Les FARDC et le M23 s’accusent mutuellement de violer le cessez-le-feu recommandé dans le cadre du processus de Doha et réitéré il y a quelques jours par l’Angola qui mène une nouvelle médiation dans ce conflit.

D’un côté, les forces gouvernementales ont accusé les rebelles d’avoir attaqué leurs positions en province du Nord-Kivu, dans le territoire de Walikale, et au Sud-Kivu, dans le territoire d’Uvira ; expliquant que ces incursions dénotent la volonté du mouvement rebelle, soutenu par le Rwanda, « de torpiller le processus de paix en cours. »

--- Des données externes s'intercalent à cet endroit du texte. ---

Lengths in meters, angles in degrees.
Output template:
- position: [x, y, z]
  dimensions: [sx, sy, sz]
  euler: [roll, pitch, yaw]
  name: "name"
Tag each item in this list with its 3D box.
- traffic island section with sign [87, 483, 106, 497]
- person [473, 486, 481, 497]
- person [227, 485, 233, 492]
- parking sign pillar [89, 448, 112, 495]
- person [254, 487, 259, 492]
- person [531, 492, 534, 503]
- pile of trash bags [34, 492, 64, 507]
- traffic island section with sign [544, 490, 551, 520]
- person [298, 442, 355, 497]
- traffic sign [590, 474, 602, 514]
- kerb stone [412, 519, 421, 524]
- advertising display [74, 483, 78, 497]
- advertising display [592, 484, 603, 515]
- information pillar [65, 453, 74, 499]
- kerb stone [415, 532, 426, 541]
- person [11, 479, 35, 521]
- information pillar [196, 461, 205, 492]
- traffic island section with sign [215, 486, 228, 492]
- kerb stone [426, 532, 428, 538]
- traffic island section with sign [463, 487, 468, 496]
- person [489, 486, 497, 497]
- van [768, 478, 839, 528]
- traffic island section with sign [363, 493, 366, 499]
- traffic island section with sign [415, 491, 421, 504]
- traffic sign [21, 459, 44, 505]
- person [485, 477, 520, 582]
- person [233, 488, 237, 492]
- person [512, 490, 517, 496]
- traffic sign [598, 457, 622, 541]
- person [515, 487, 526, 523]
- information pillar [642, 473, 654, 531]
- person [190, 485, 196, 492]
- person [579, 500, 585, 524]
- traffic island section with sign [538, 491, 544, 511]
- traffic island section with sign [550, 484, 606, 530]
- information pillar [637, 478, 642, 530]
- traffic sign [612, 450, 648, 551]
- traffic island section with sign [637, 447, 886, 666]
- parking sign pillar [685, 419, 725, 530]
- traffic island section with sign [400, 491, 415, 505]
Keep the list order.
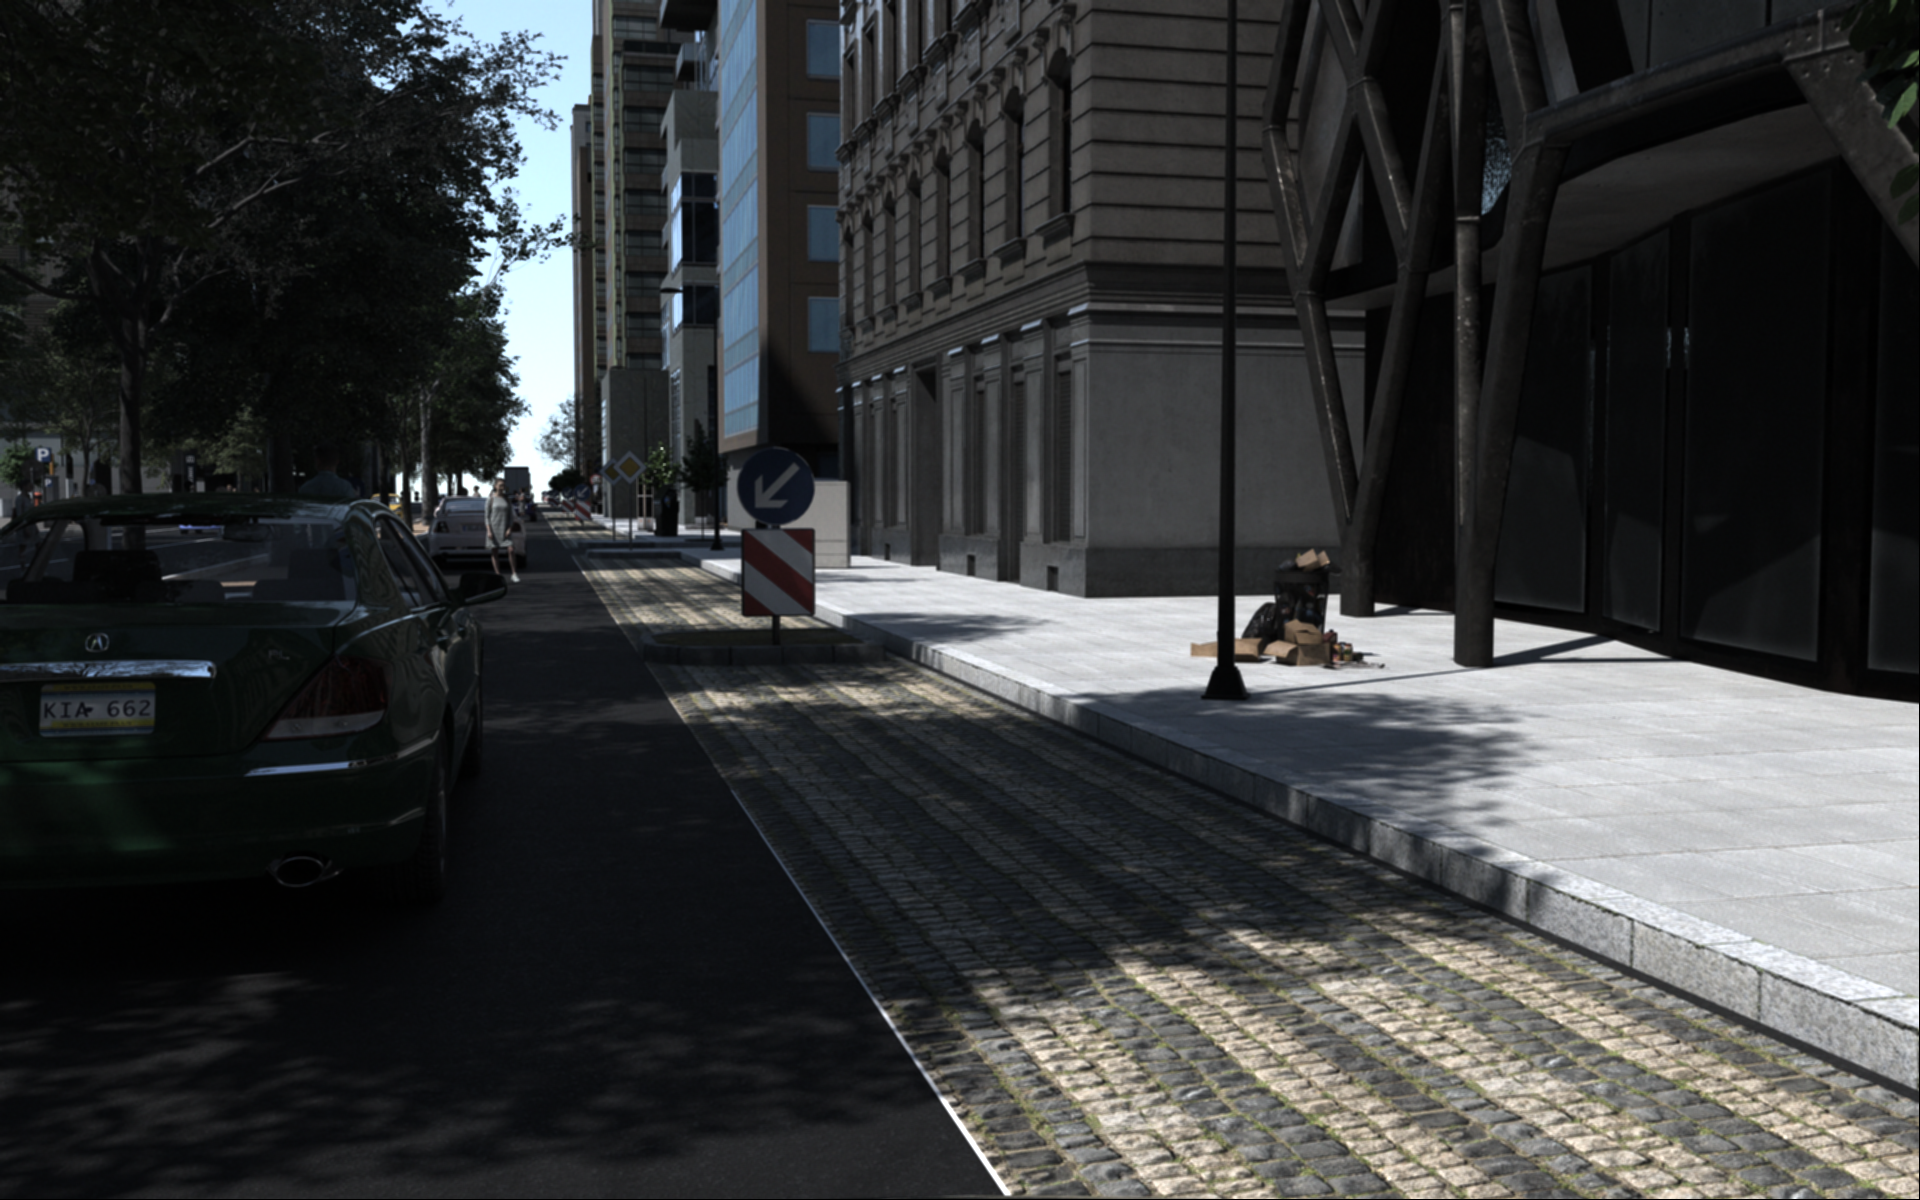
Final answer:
- position: [-31.814, -3.370, 63.726]
  dimensions: [1.989, 1.847, 2.006]
  euler: [-1, 4, -14]
  name: "traffic island section with sign"
- position: [-20.128, -3.852, 71.822]
  dimensions: [0.599, 1.781, 0.374]
  euler: [2, 4, 32]
  name: "person"
- position: [-24.839, -3.016, 58.490]
  dimensions: [0.598, 1.740, 0.731]
  euler: [2, 4, 24]
  name: "person"
- position: [-49.559, -6.814, 99.882]
  dimensions: [1.447, 3.967, 1.447]
  euler: [1, 4, 14]
  name: "parking sign pillar"
- position: [-38.670, -5.288, 95.202]
  dimensions: [0.529, 1.795, 0.600]
  euler: [-3, 4, -38]
  name: "person"
- position: [-66.715, -15.932, 269.788]
  dimensions: [0.445, 1.727, 0.742]
  euler: [3, 5, 44]
  name: "person"
- position: [-50.541, -5.321, 96.744]
  dimensions: [3.447, 1.369, 1.912]
  euler: [2, 4, 23]
  name: "pile of trash bags"
- position: [-21.678, -5.293, 95.172]
  dimensions: [1.989, 1.847, 2.006]
  euler: [-1, 4, -14]
  name: "traffic island section with sign"
- position: [-5.032, -0.325, 13.674]
  dimensions: [0.638, 1.841, 0.748]
  euler: [2, 4, 33]
  name: "person"
- position: [-22.983, -6.687, 109.440]
  dimensions: [0.768, 2.556, 0.104]
  euler: [-1, 4, -9]
  name: "traffic sign"
- position: [-26.935, -3.887, 85.833]
  dimensions: [0.120, 0.150, 1.000]
  euler: [-1, 4, -14]
  name: "kerb stone"
- position: [-51.511, -5.836, 100.634]
  dimensions: [0.123, 1.923, 0.974]
  euler: [0, 4, -7]
  name: "advertising display"
- position: [-22.462, -6.296, 108.152]
  dimensions: [0.974, 1.923, 0.123]
  euler: [-2, 4, -23]
  name: "advertising display"
- position: [-47.962, -6.236, 93.310]
  dimensions: [0.183, 3.616, 0.504]
  euler: [1, 4, 10]
  name: "information pillar"
- position: [-16.991, -1.976, 54.506]
  dimensions: [0.120, 0.150, 1.000]
  euler: [-1, 4, -14]
  name: "kerb stone"
- position: [-16.251, -1.263, 30.160]
  dimensions: [0.522, 1.701, 0.512]
  euler: [0, 4, -4]
  name: "person"
- position: [-50.133, -7.525, 114.382]
  dimensions: [0.504, 3.616, 0.183]
  euler: [-2, 4, -29]
  name: "information pillar"
- position: [-38.316, -4.970, 89.888]
  dimensions: [1.989, 1.847, 2.006]
  euler: [-1, 4, -14]
  name: "traffic island section with sign"
- position: [-17.236, -2.037, 55.498]
  dimensions: [0.120, 0.150, 1.000]
  euler: [-1, 4, -14]
  name: "kerb stone"
- position: [-33.911, -6.728, 118.142]
  dimensions: [2.006, 1.907, 1.989]
  euler: [-1, 4, -14]
  name: "traffic island section with sign"
- position: [-17.619, -3.485, 66.074]
  dimensions: [0.643, 1.750, 0.593]
  euler: [3, 4, 36]
  name: "person"
- position: [-2.772, -2.246, 43.739]
  dimensions: [4.112, 2.044, 2.013]
  euler: [-1, 4, -15]
  name: "van"
- position: [-57.232, -9.625, 166.004]
  dimensions: [1.989, 1.847, 2.006]
  euler: [-1, 4, -14]
  name: "traffic island section with sign"
- position: [-77.165, -14.532, 246.229]
  dimensions: [1.989, 1.847, 2.006]
  euler: [-1, 4, -14]
  name: "traffic island section with sign"
- position: [-33.510, -3.823, 62.613]
  dimensions: [0.768, 2.556, 0.104]
  euler: [-1, 4, -13]
  name: "traffic sign"
- position: [-7.497, -1.147, 28.258]
  dimensions: [0.512, 1.701, 0.522]
  euler: [-2, 4, -32]
  name: "person"
- position: [-39.843, -5.272, 95.243]
  dimensions: [0.519, 1.759, 0.362]
  euler: [-3, 5, -40]
  name: "person"
- position: [-34.119, -7.540, 132.497]
  dimensions: [1.217, 1.743, 0.721]
  euler: [2, 4, 31]
  name: "person"
- position: [-9.413, -2.656, 47.063]
  dimensions: [0.795, 2.450, 0.064]
  euler: [-1, 4, -14]
  name: "traffic sign"
- position: [-21.684, -4.685, 85.453]
  dimensions: [0.532, 1.782, 0.716]
  euler: [-1, 4, -15]
  name: "person"
- position: [-10.940, -3.451, 60.922]
  dimensions: [0.304, 2.012, 0.304]
  euler: [-1, 4, -10]
  name: "information pillar"
- position: [-32.827, -4.017, 74.347]
  dimensions: [0.590, 1.801, 0.661]
  euler: [-2, 4, -33]
  name: "person"
- position: [-18.207, -4.567, 83.745]
  dimensions: [0.524, 1.755, 0.480]
  euler: [-2, 4, -25]
  name: "person"
- position: [-33.673, -8.246, 143.457]
  dimensions: [1.989, 1.847, 2.006]
  euler: [-1, 4, -14]
  name: "traffic island section with sign"
- position: [-15.171, -3.693, 69.011]
  dimensions: [1.989, 1.847, 2.006]
  euler: [-1, 4, -14]
  name: "traffic island section with sign"
- position: [-11.225, -3.479, 61.367]
  dimensions: [0.304, 2.012, 0.304]
  euler: [2, 4, 25]
  name: "information pillar"
- position: [-7.487, -2.182, 39.312]
  dimensions: [0.795, 2.450, 0.064]
  euler: [-1, 4, -14]
  name: "traffic sign"
- position: [-1.832, -0.410, 15.337]
  dimensions: [1.989, 1.847, 2.006]
  euler: [-1, 4, -14]
  name: "traffic island section with sign"
- position: [-9.248, -4.539, 62.691]
  dimensions: [1.447, 3.967, 1.447]
  euler: [0, 4, 5]
  name: "parking sign pillar"
- position: [-70.536, -12.900, 219.542]
  dimensions: [1.989, 1.847, 2.006]
  euler: [-1, 4, -14]
  name: "traffic island section with sign"

De l’autre, le M23 a rapporté des frappes meurtrières de drones et des offensives terrestres les premières heures de ce vendredi 20 février 2026 à Minembwe : « Depuis les premières heures de ce matin, des frappes de drones et des offensives terrestres sèment la mort et la terreur, massacrant sans discontinuer des populations civiles innocentes à Minembwe et dans ses environs, en violation flagrante du droit international humanitaire et au mépris absolu de toute conscience humaine », a écrit sur X Lawrence Kanyuka, porte-parole du mouvement rebelle.

Un peu plus tôt, le M23 a accusé le régime de Kinshasa « d’adopter une posture irresponsable et belliciste qui compromet gravement toute perspective de paix durable en RDC. »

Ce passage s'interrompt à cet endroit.